• _TASK REQUIREMENTS_: An exact transcription of each entry below is required, without any pictures.

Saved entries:
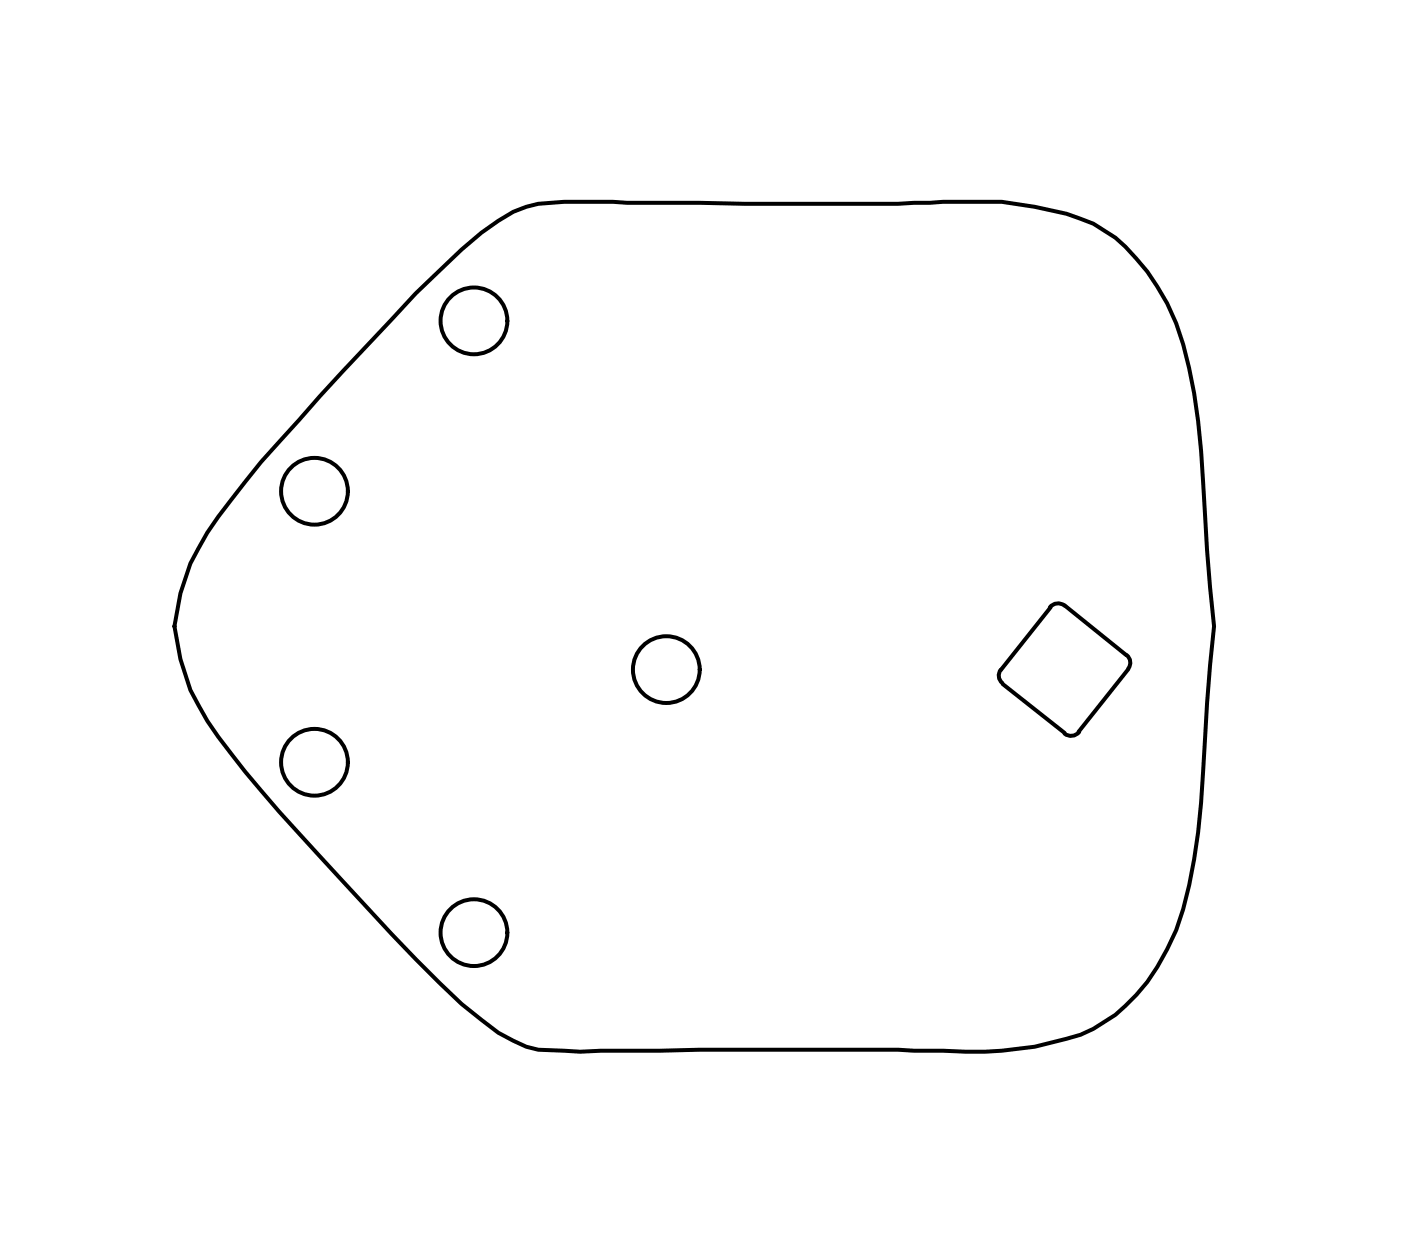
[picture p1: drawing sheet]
<svg xmlns="http://www.w3.org/2000/svg" width="89mm" height="80mm" viewBox="0 0 89 80" stroke-linecap="round" stroke-linejoin="round" font-family="sans-serif">
<!-- layer: 0 -->
<g fill="none" stroke="#000" stroke-width=".25">
<path d="M26.5 18.7a35.7 35.7 0 0 1 5.2-4.6 6.7 6.7 0 0 1 4.2-1.2l11.5 .1h9.8l4.3-.1a19.9 19.9 0 0 1 8.2 1.4 10.6 10.6 0 0 1 4 4 19.7 19.7 0 0 1 2.6 8.5l.6 8.3 .4 4.8-.5 7.1a46.4 46.4 0 0 1-1.4 10.9 13.6 13.6 0 0 1-4.3 6.8l-1.4 .9a19.4 19.4 0 0 1-9.6 1.4l-2.9-.1-18.1 .1a30.6 30.6 0 0 1-4.8-.1 8.8 8.8 0 0 1-3.6-1.9 53.8 53.8 0 0 1-5.7-5.5l-3.2-3.3a87.7 87.7 0 0 1-8.6-10.3 12.6 12.6 0 0 1-2.1-6 13.2 13.2 0 0 1 2.8-7 139 139 0 0 1 11.1-12.5zM66.9 38.7l-3.1 4M67.8 38.6l4 3.2M67.8 38.6a.67 .67 0 0 0-.9 .1M63.8 42.7a.6 .6 0 0 0 .1 .8M63.9 43.6l3.9 3.1M68.8 46.6a.67 .67 0 0 1-1 .2M71.8 41.8a.6 .6 0 0 1 .1 .8M71.9 42.6l-3.2 4"/>
<circle cx="20" cy="31.3" r="2.13"/>
<circle cx="30.2" cy="20.5" r="2.13"/>
<circle cx="20" cy="48.6" r="2.13"/>
<circle cx="30.2" cy="59.4" r="2.13"/>
<circle cx="42.4" cy="42.7" r="2.13"/>
</g>
</svg>

• _SOLUTION FOR THIS EXERCISE_:
[picture p1: drawing sheet]
<svg xmlns="http://www.w3.org/2000/svg" width="89mm" height="80mm" viewBox="0 0 89 80" stroke-linecap="round" stroke-linejoin="round" font-family="sans-serif">
<!-- layer: 0 -->
<g fill="none" stroke="#000" stroke-width=".25">
<path d="M26.5 18.7a35.7 35.7 0 0 1 5.2-4.6 6.7 6.7 0 0 1 4.2-1.2l11.5 .1h9.8l4.3-.1a19.9 19.9 0 0 1 8.2 1.4 10.6 10.6 0 0 1 4 4 19.7 19.7 0 0 1 2.6 8.5l.6 8.3 .4 4.8-.5 7.1a46.4 46.4 0 0 1-1.4 10.9 13.6 13.6 0 0 1-4.3 6.8l-1.4 .9a19.4 19.4 0 0 1-9.6 1.4l-2.9-.1-18.1 .1a30.6 30.6 0 0 1-4.8-.1 8.8 8.8 0 0 1-3.6-1.9 53.8 53.8 0 0 1-5.7-5.5l-3.2-3.3a87.7 87.7 0 0 1-8.6-10.3 12.6 12.6 0 0 1-2.1-6 13.2 13.2 0 0 1 2.8-7 139 139 0 0 1 11.1-12.5zM66.9 38.7l-3.1 4M67.8 38.6l4 3.2M67.8 38.6a.67 .67 0 0 0-.9 .1M63.8 42.7a.6 .6 0 0 0 .1 .8M63.9 43.6l3.9 3.1M68.8 46.6a.67 .67 0 0 1-1 .2M71.8 41.8a.6 .6 0 0 1 .1 .8M71.9 42.6l-3.2 4"/>
<circle cx="20" cy="31.3" r="2.13"/>
<circle cx="30.2" cy="20.5" r="2.13"/>
<circle cx="20" cy="48.6" r="2.13"/>
<circle cx="30.2" cy="59.4" r="2.13"/>
<circle cx="42.4" cy="42.7" r="2.13"/>
</g>
</svg>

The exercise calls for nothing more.